Некоторые, правда, все равно предпочитают создавать для копии более старые клоны, чтобы различие с оригиналом не бросалось в глаза. Правозащитники требуют запретить такую практику, утверждая, что это нарушает права копии, обрекая ее на короткую жизнь в изначально старом теле. Их противники возражают, что, поскольку копия имеет все воспоминания оригинала, это то же самое, как если бы она сама прожила все эти годы – а значит, ее жизнь состоит не только из короткого будущего, но и из длинного прошлого. В Конгрессе идут дебаты по этому поводу, но решение пока не принято. Похоже, однако, что на сей раз победа будет целиком на стороне правозащитников.
Мобиль пошел на снижение и мягко опустился на площадку во внутреннем дворе.
– Институт Свенсона. Время в пути – двадцать пять минут пятьдесят секунд, – доложил компьютер.
– В первый раз у нас? – осведомилась молоденькая медсестра, пока я, придвинув к себе монитор, заполнял форму.
– И в последний, – ответил я.
– О, простите, – порозовела она.
Я всего полчаса как обречен, а их извинения уже успели мне надоесть.
Вопрос ее не был лишен смысла – сама процедура считывания личности стоит не так уж дорого (записи – гораздо дороже), и даже за то короткое время, что существует копирование, многие, особенно люди рискованных профессий, успели пройти ее не один раз. Не всем ведь повезло так, как мне – большинство не знает, когда умрет, вот и обновляют свою компьютерную копию периодически, чтобы в случае чего разрыв получился небольшим. Наверное, когда-нибудь резервное копирование станет такой же рутинной регулярной процедурой, как профилактический поход к дантисту.

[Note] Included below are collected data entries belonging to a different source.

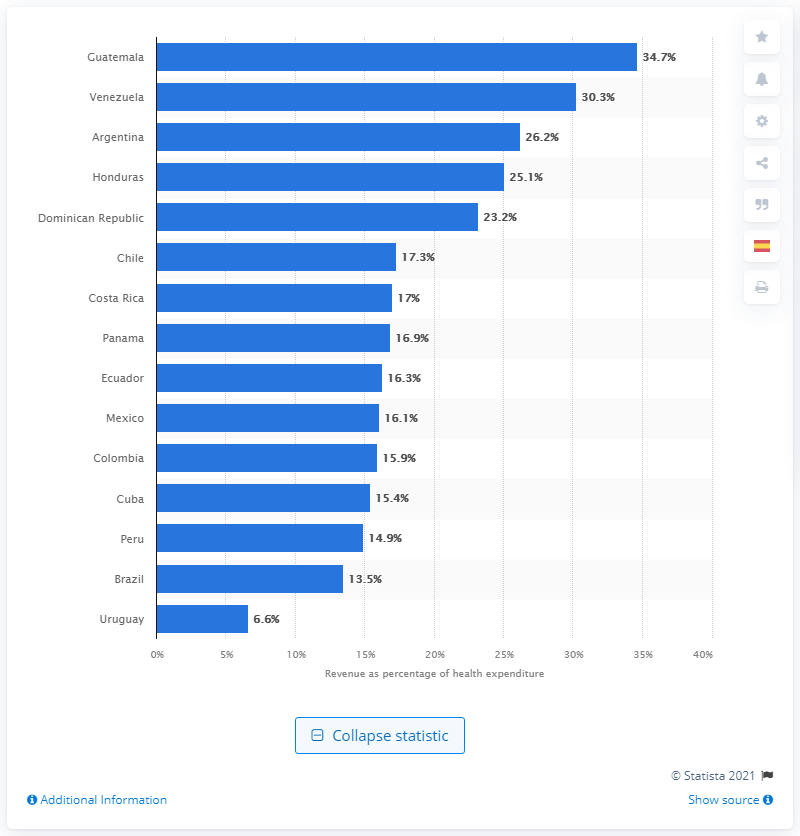Give some essential details in this illustration. According to data from 2014, the pharmaceutical industry generated 26.2% of Argentina's total health expenditures. 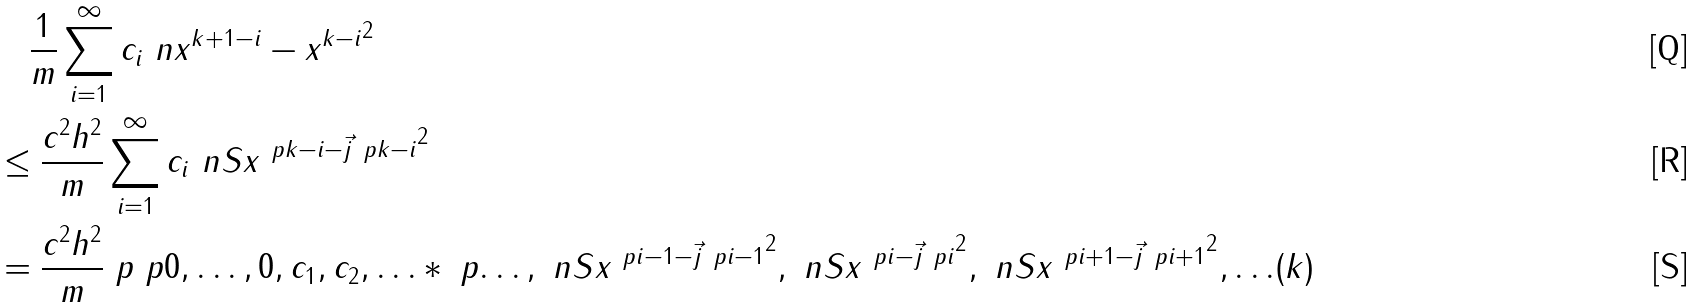<formula> <loc_0><loc_0><loc_500><loc_500>& \quad \frac { 1 } { m } \sum _ { i = 1 } ^ { \infty } c _ { i } \ n { x ^ { k + 1 - i } - x ^ { k - i } } ^ { 2 } \\ & \leq \frac { c ^ { 2 } h ^ { 2 } } { m } \sum _ { i = 1 } ^ { \infty } c _ { i } \ n { S x ^ { \ p { k - i } - \vec { j } \ p { k - i } } } ^ { 2 } \\ & = \frac { c ^ { 2 } h ^ { 2 } } { m } \ p { \ p { 0 , \dots , 0 , c _ { 1 } , c _ { 2 } , \dots } * \ p { \dots , \ n { S x ^ { \ p { i - 1 } - \vec { j } \ p { i - 1 } } } ^ { 2 } , \ n { S x ^ { \ p { i } - \vec { j } \ p { i } } } ^ { 2 } , \ n { S x ^ { \ p { i + 1 } - \vec { j } \ p { i + 1 } } } ^ { 2 } , \dots } } ( k )</formula> 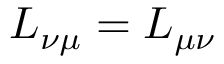Convert formula to latex. <formula><loc_0><loc_0><loc_500><loc_500>L _ { \nu \mu } = L _ { \mu \nu }</formula> 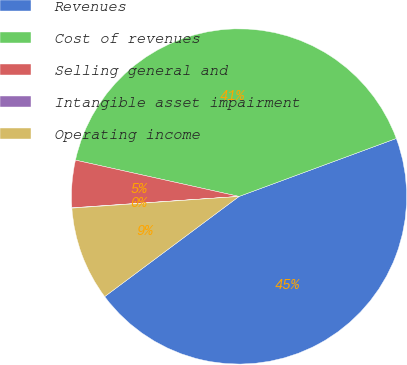Convert chart. <chart><loc_0><loc_0><loc_500><loc_500><pie_chart><fcel>Revenues<fcel>Cost of revenues<fcel>Selling general and<fcel>Intangible asset impairment<fcel>Operating income<nl><fcel>45.43%<fcel>40.9%<fcel>4.56%<fcel>0.03%<fcel>9.08%<nl></chart>

– Вы указали, что желаете начать выращивание клона немедленно, – сказала медсестра, глядя на свой монитор. – Я обязана предупредить, что, если вы будете живы, когда клон достигнет зрелости, его придется уничтожить.
– Не буду, – заверил я ее и растянул губы в улыбке. Наверное, это больше походило на оскал, и она снова поспешно уткнулась в монитор. Убедившись, что деньги с моего счета переведены, она встала.
– Пойдемте, я провожу вас, мистер Декстер.
Я прошел за ней по пустому коридору в кабинет. Ничего необычного: кушетка, какие-то приборы, компьютерный терминал, свернутый кольцами жгут проводов, венчающийся сеткой с датчиками. Следуя указаниям сестры, я сел на кушетку. Она, сверяясь с показаниями приборов, закрепила датчики у меня на голове. Практически все то же самое было в кабинете доктора, вынесшего мне приговор.
– Теперь ложитесь, закройте глаза и расслабьтесь. Это будет похоже на сон. Неприятных ощущений не будет.
Приборы загудели чуть громче – или, может, то была просто игра воображения. Я почувствовал легкое головокружение. Перед глазами замелькали несвязные образы, в сознании проносились обрывки фраз.
Действительно, что-то подобное испытываешь, когда засыпаешь. Но образы не были фантасмагоричными, как во сне – нет, все это были мои реальные воспоминания, многие из которых, как мне казалось, стерлись из памяти много лет назад. Страница книги, прочитанной в детстве; фрагмент лекции в колледже; телевизионные новости двадцатилетней давности; счет футбольного матча (я никогда не был спортивным фанатом); имя девчонки, на которую я никогда не обращал внимания… Калейдоскоп кружился все быстрее, я вспоминал тысячи вещей в минуту – быстрее, чем мог их осознать. Возникло ощущение, что я мягко проваливаюсь в красноватую пустоту – это было не страшно, скорее приятно. Затем мое сознание окончательно растворилось в этой пустоте, и я погрузился в нирвану.
Из нирваны меня вывело мерное попискивание. Я открыл глаза и несколько секунд соображал, где нахожусь.